Mmm, I remember we fought quite a bit while getting capacity-dmpis-mhz
binding accepted, and one of the musts was that the values were going to
be normalized. So, normalized power values again maybe?

Best,

- Juri
Quentin Perret June 6, 2018, 3:29 p.m. UTC | #3
On Wednesday 06 Jun 2018 at 17:20:00 (+0200), Juri Lelli wrote:
> > > This brings me to another question. Let's say there are multiple users of
> > > the Energy Model in the system. Shouldn't the units of frequency and power
> > > not standardized, maybe Mhz and mW?
> > > The task scheduler doesn't care since it is only interested in power diffs
> > > but other user might do.
> > 
> > So the good thing about specifying units is that we can probably assume
> > ranges on the values. If the power is in mW, assuming that we're talking
> > about a single CPU, it'll probably fit in 16 bits. 65W/core should be
> > a reasonable upper-bound ?
> > But there are also vendors who might not be happy with disclosing absolute
> > values ... These are sometimes considered sensitive and only relative
> > numbers are discussed publicly. Now, you can also argue that we already
> > have units specified in IPA for ex, and that it doesn't really matter if
> > a driver "lies" about the real value, as long as the ratios are correct.
> > And I guess that anyone can do measurement on the hardware and get those
> > values anyway. So specifying a unit (mW) for the power is probably a
> > good idea.
> 
> Mmm, I remember we fought quite a bit while getting capacity-dmpis-mhz
> binding accepted, and one of the musts was that the values were going to
> be normalized. So, normalized power values again maybe?

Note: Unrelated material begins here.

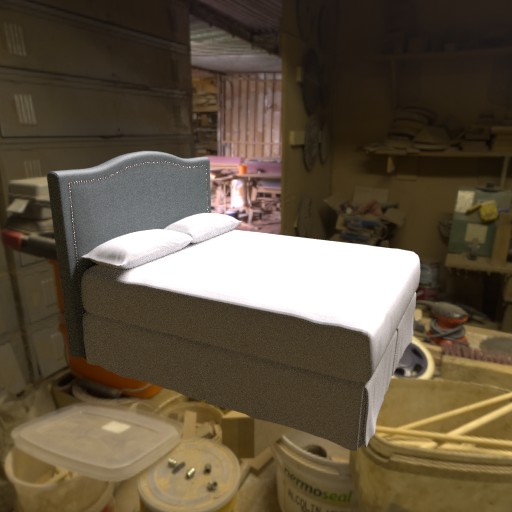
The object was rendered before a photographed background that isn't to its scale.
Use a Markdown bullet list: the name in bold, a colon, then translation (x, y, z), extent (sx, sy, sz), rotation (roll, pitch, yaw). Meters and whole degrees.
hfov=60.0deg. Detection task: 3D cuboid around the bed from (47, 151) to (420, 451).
- **bed**: translation (0.000, 0.000, 3.267), extent (2.143, 1.460, 1.753), rotation (8, 18, 27)

Hmmm, that's a very good point ... There should be no problems on the
scheduler side -- we're only interested in correct ratios. But I'm not
sure on the thermal side ... I will double check that.

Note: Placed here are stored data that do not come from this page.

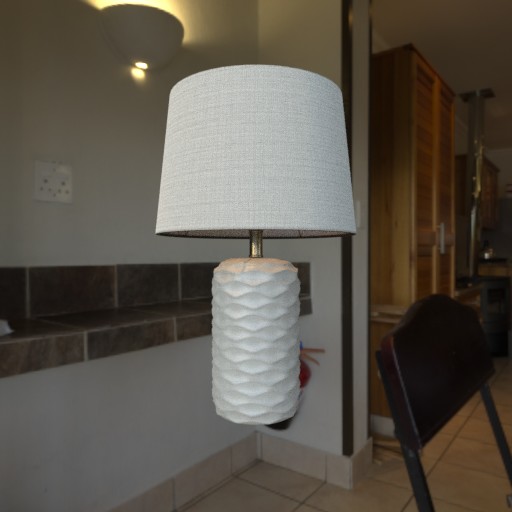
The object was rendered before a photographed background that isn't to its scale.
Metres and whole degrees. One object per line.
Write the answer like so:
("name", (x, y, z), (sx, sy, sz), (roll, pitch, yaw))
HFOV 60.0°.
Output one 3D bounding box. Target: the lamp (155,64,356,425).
("lamp", (0.000, 0.000, 0.849), (0.376, 0.594, 0.376), (0, 0, 0))

Javi, Viresh, Eduardo: any thoughts about this ?

Thanks !
Quentin
Quentin Perret June 6, 2018, 4:26 p.m. UTC | #4
On Wednesday 06 Jun 2018 at 16:29:50 (+0100), Quentin Perret wrote:
> On Wednesday 06 Jun 2018 at 17:20:00 (+0200), Juri Lelli wrote:
> > > > This brings me to another question. Let's say there are multiple users of
> > > > the Energy Model in the system. Shouldn't the units of frequency and power
> > > > not standardized, maybe Mhz and mW?
> > > > The task scheduler doesn't care since it is only interested in power diffs
> > > > but other user might do.
> > > 
> > > So the good thing about specifying units is that we can probably assume
> > > ranges on the values. If the power is in mW, assuming that we're talking
> > > about a single CPU, it'll probably fit in 16 bits. 65W/core should be
> > > a reasonable upper-bound ?
> > > But there are also vendors who might not be happy with disclosing absolute
> > > values ... These are sometimes considered sensitive and only relative
> > > numbers are discussed publicly. Now, you can also argue that we already
> > > have units specified in IPA for ex, and that it doesn't really matter if
> > > a driver "lies" about the real value, as long as the ratios are correct.
> > > And I guess that anyone can do measurement on the hardware and get those
> > > values anyway. So specifying a unit (mW) for the power is probably a
> > > good idea.
> > 
> > Mmm, I remember we fought quite a bit while getting capacity-dmpis-mhz
> > binding accepted, and one of the musts was that the values were going to
> > be normalized. So, normalized power values again maybe?
> 
> Hmmm, that's a very good point ... There should be no problems on the
> scheduler side -- we're only interested in correct ratios. But I'm not
> sure on the thermal side ... I will double check that.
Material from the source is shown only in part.